Problem to work on: Print, exactly as written, the line in the entries below that contains "<formula> <loc_0><loc_0><loc_500><loc_500>k</formula>" and every line after it up to and including the last. Omit pictures.

### Record excerpts

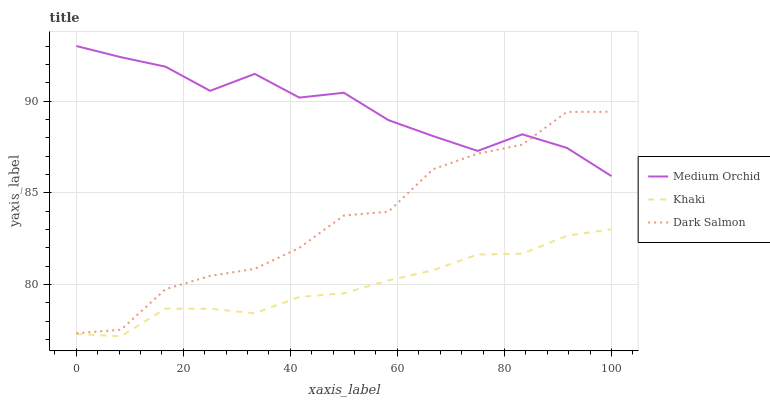Does Khaki have the minimum area under the curve?
Answer yes or no. Yes. Does Medium Orchid have the maximum area under the curve?
Answer yes or no. Yes. Does Dark Salmon have the minimum area under the curve?
Answer yes or no. No. Does Dark Salmon have the maximum area under the curve?
Answer yes or no. No. Is Khaki the smoothest?
Answer yes or no. Yes. Is Dark Salmon the roughest?
Answer yes or no. Yes. Is Dark Salmon the smoothest?
Answer yes or no. No. Is Khaki the roughest?
Answer yes or no. No. Does Khaki have the lowest value?
Answer yes or no. Yes. Does Dark Salmon have the lowest value?
Answer yes or no. No. Does Medium Orchid have the highest value?
Answer yes or no. Yes. Does Dark Salmon have the highest value?
Answer yes or no. No. Is Khaki less than Medium Orchid?
Answer yes or no. Yes. Is Medium Orchid greater than Khaki?
Answer yes or no. Yes. Does Dark Salmon intersect Medium Orchid?
Answer yes or no. Yes. Is Dark Salmon less than Medium Orchid?
Answer yes or no. No. Is Dark Salmon greater than Medium Orchid?
Answer yes or no. No. Does Khaki intersect Medium Orchid?
Answer yes or no. No. 
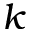<formula> <loc_0><loc_0><loc_500><loc_500>k</formula> 
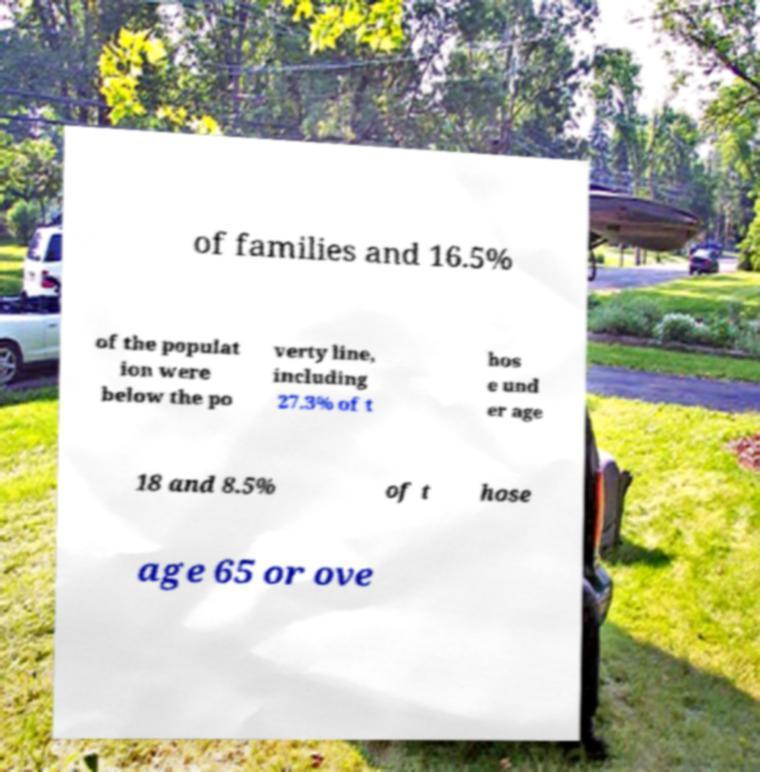Can you accurately transcribe the text from the provided image for me? of families and 16.5% of the populat ion were below the po verty line, including 27.3% of t hos e und er age 18 and 8.5% of t hose age 65 or ove

######

Written answer:
<formula> <loc_0><loc_0><loc_500><loc_500>k</formula> 
Can you accurately transcribe the text from the provided image for me? of families and 16.5% of the populat ion were below the po verty line, including 27.3% of t hos e und er age 18 and 8.5% of t hose age 65 or ove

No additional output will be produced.